Con Gas, Sin Hielo

細々と続ける最果てのブログへようこそ。

「アーガイル」

2024年03月14日 22時35分14秒 | 映画(2024)
ナウ&ゼン、ノベル&リアル。


ベストセラー作家が執筆したスパイ小説が実際に起きていることと酷似しているとして、本物のスパイに追いかけられるという話。

いくら何でも無理があると思いつつも、作ったのがM.ヴォーン監督と聞けば期待の方が上回る。実際に観ると、はじめから無理と思わず推理していれば気付いたのではないかと思うほどシンプルなからくりであった。

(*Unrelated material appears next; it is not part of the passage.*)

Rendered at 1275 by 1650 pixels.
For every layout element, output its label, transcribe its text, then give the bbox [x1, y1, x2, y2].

主人公・エリーのもとに突然現れた本物のスパイ・エイダン。彼は、何故か分からないが自分を狙ってやって来る追っ手を次々に退けていく。

立ち位置は自分が小説で書いてきた完璧なスパイ・アーガイルそのものなのに、目の前で奮闘するエイダンは汚いヒゲを生やした中年男性。それでもエリーの目には時々彼の姿がアーガイルに映ってしまう。H.カヴィルがアーガイルを演じるのに対して、エイダンに扮するのはS.ロックウェル。このギャップがおもしろい。

見かけはともかく自分の命を救ってくれたエイダンに信頼を抱きつつある中で突然の裏切りが判明。右も左も分からない異国の地で誰も信じられなくなったエリーに更なるどんでん返しが待ち受ける。

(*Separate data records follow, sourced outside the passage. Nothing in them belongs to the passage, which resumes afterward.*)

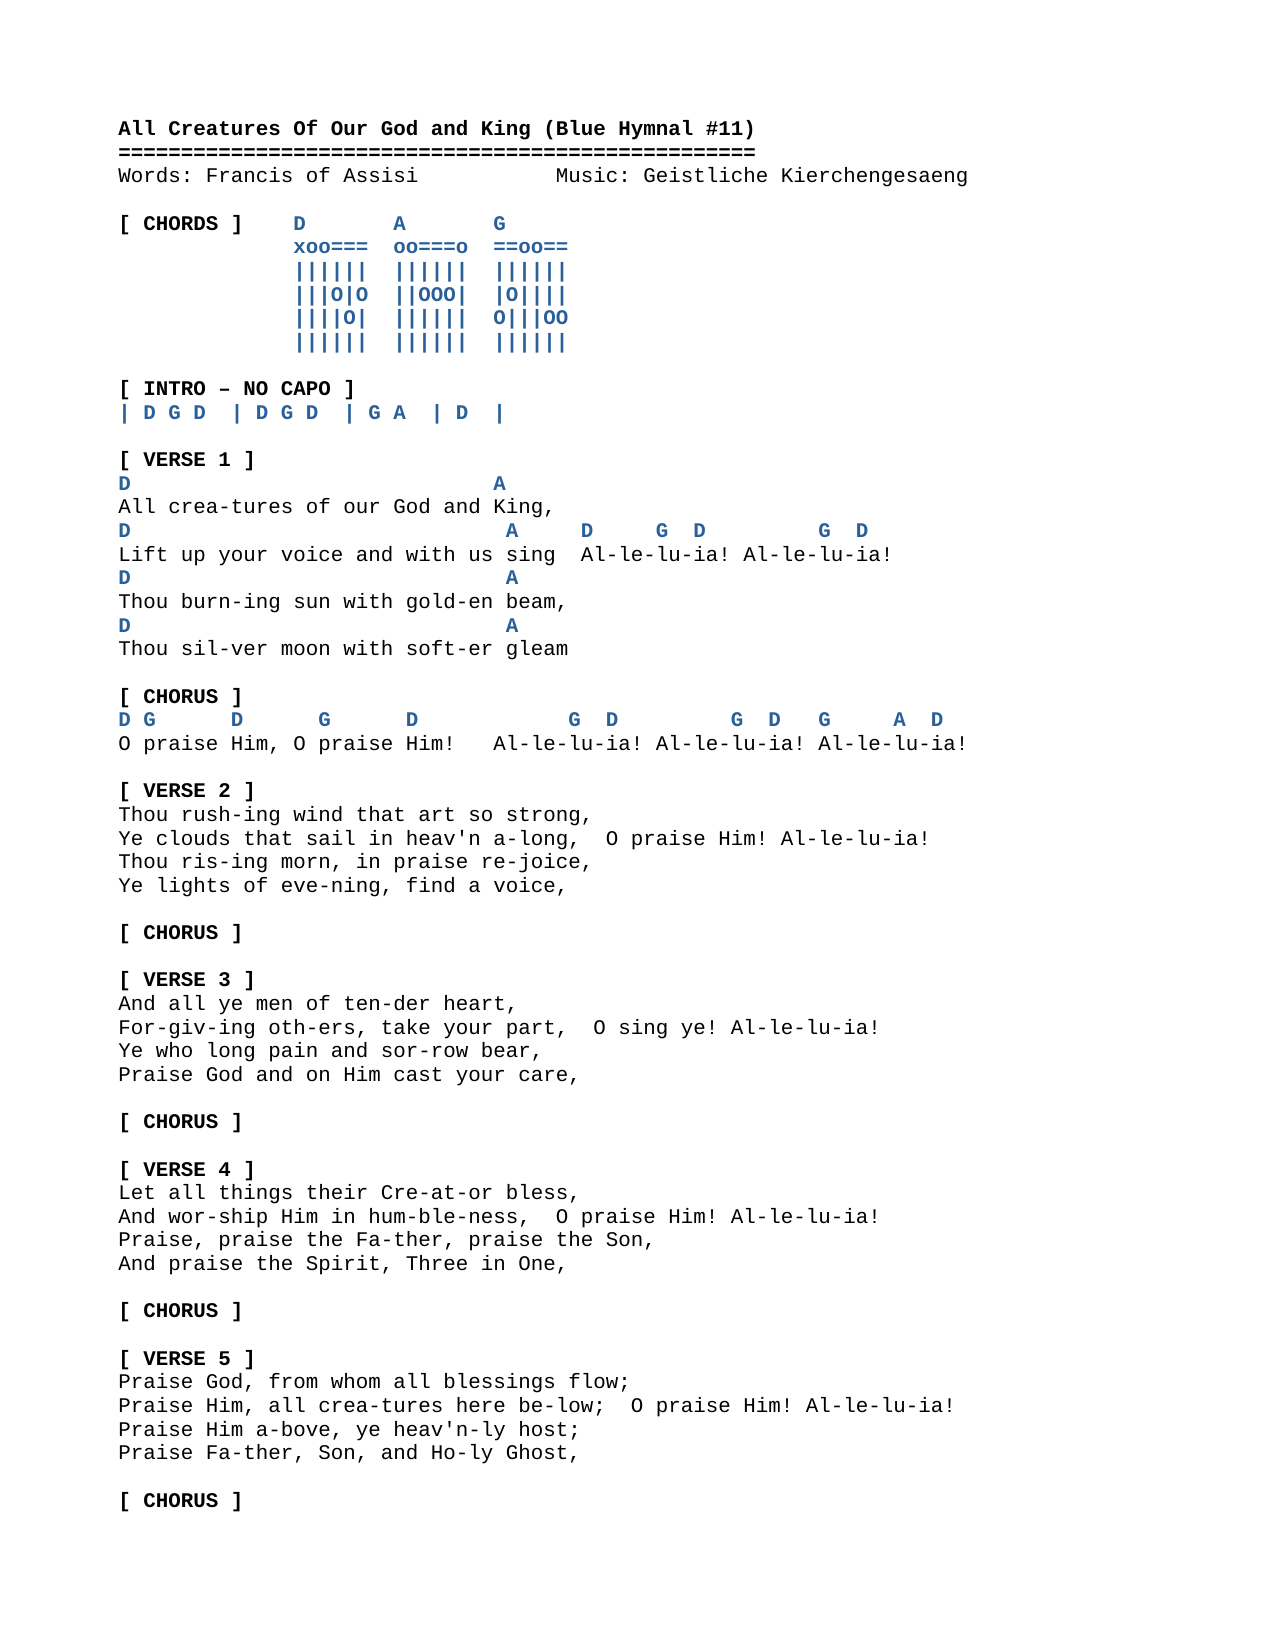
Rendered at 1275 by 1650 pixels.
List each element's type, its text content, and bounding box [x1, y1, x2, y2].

text Thou ris-ing morn, in praise re-joice, [118, 851, 1157, 875]
text [ VERSE 1 ] [118, 449, 1157, 473]
text [ CHORUS ] [118, 922, 1157, 946]
text [ VERSE 5 ] [118, 1348, 1157, 1371]
text xoo=== oo===o ==oo== [118, 236, 1157, 260]
text Lift up your voice and with us sing Al-le-lu-ia! Al-le-lu-ia! [118, 544, 1157, 567]
text |||||| |||||| |||||| [118, 260, 1157, 284]
text [ VERSE 2 ] [118, 780, 1157, 804]
text Praise Him, all crea-tures here be-low; O praise Him! Al-le-lu-ia! [118, 1395, 1157, 1419]
text D G D G D G D G D G A D [118, 709, 1157, 733]
text D A D G D G D [118, 520, 1157, 544]
text For-giv-ing oth-ers, take your part, O sing ye! Al-le-lu-ia! [118, 1017, 1157, 1040]
text [ INTRO – NO CAPO ] [118, 378, 1157, 402]
text [ VERSE 4 ] [118, 1158, 1157, 1182]
text =================================================== [118, 142, 1157, 165]
text And praise the Spirit, Three in One, [118, 1253, 1157, 1277]
text All Creatures Of Our God and King (Blue Hymnal #11) [118, 118, 1157, 142]
text Ye who long pain and sor-row bear, [118, 1040, 1157, 1064]
text Praise God, from whom all blessings flow; [118, 1371, 1157, 1395]
text O praise Him, O praise Him! Al-le-lu-ia! Al-le-lu-ia! Al-le-lu-ia! [118, 733, 1157, 757]
text Ye lights of eve-ning, find a voice, [118, 875, 1157, 898]
text And all ye men of ten-der heart, [118, 993, 1157, 1017]
text Praise, praise the Fa-ther, praise the Son, [118, 1229, 1157, 1253]
text D A [118, 615, 1157, 638]
text [ VERSE 3 ] [118, 969, 1157, 993]
text [ CHORUS ] [118, 1300, 1157, 1324]
text Praise God and on Him cast your care, [118, 1064, 1157, 1088]
text D A [118, 473, 1157, 496]
text |||O|O ||OOO| |O|||| [118, 284, 1157, 307]
text |||||| |||||| |||||| [118, 331, 1157, 354]
text All crea-tures of our God and King, [118, 496, 1157, 520]
text Ye clouds that sail in heav'n a-long, O praise Him! Al-le-lu-ia! [118, 827, 1157, 851]
text ||||O| |||||| O|||OO [118, 307, 1157, 331]
text And wor-ship Him in hum-ble-ness, O praise Him! Al-le-lu-ia! [118, 1206, 1157, 1229]
text Thou burn-ing sun with gold-en beam, [118, 591, 1157, 615]
text [ CHORUS ] [118, 686, 1157, 709]
text Thou rush-ing wind that art so strong, [118, 804, 1157, 827]
text [ CHORUS ] [118, 1489, 1157, 1513]
text Words: Francis of Assisi Music: Geistliche Kierchengesaeng [118, 165, 1157, 189]
text D A [118, 567, 1157, 591]
text [ CHORUS ] [118, 1111, 1157, 1135]
text Praise Fa-ther, Son, and Ho-ly Ghost, [118, 1442, 1157, 1466]
text [ CHORDS ] D A G [118, 213, 1157, 236]
text Let all things their Cre-at-or bless, [118, 1182, 1157, 1206]
text Thou sil-ver moon with soft-er gleam [118, 638, 1157, 662]
text Praise Him a-bove, ye heav'n-ly host; [118, 1419, 1157, 1442]
text | D G D | D G D | G A | D | [118, 402, 1157, 426]

前半から結構なスピードで敵味方や攻守が目まぐるしく入れ替わる。ジェットコースターのよう、というとありふれた表現になるが、観ている側もエリーと同じように何がなんだか分からないうちに先の世界に運ばれていく感覚が心地良い。

しかし中盤で突然大きな謎が明かされ、そこで観客はエリーとお別れし、その後は単独で引っ張り回されることになる。

エリー役のB.ダラス・ハワードは小説家がぴったりハマっていた。途中からある理由で覚醒するのだが、その姿がまったく垢抜けておらず、一般女性が無理なコスプレをしているようにしか見えない点にも感心した。そんなはずないのにダサくもなれてしまう、女優魂の面目躍如といったところか。

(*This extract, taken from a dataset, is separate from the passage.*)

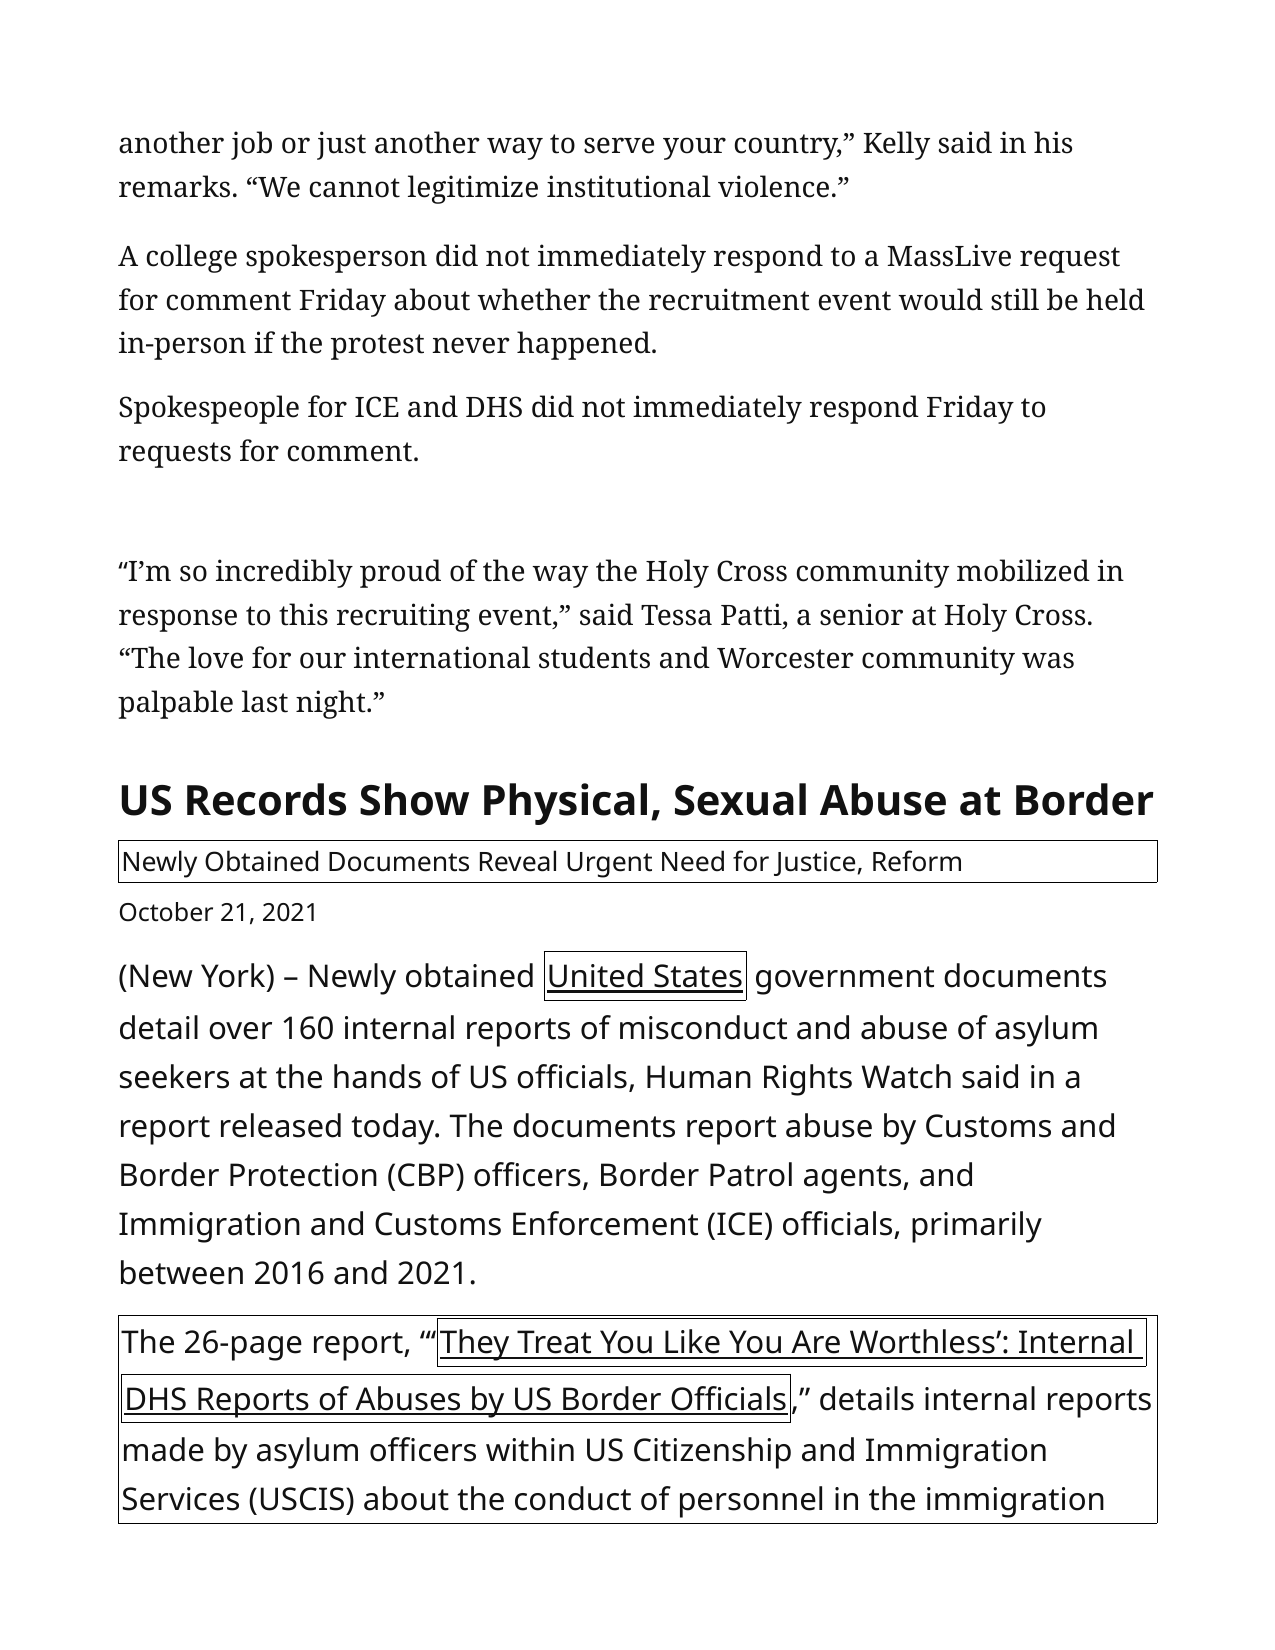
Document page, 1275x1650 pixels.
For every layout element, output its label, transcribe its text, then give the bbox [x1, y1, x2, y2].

そして何よりお楽しみの、「キングスマン」で「不謹慎」と称賛したバトルシーンである。

今回は、もうもうと立ち込めるカラースモークの中で二人の中年男女が踊りながら乱射する場面と、配管から漏れた原油でつるつるになった船室でナイフをアイススケートのブレードに見立ててフィギュアスケーターのごとく敵陣へ突っ込んで行く場面の2つが「振り切って」いた。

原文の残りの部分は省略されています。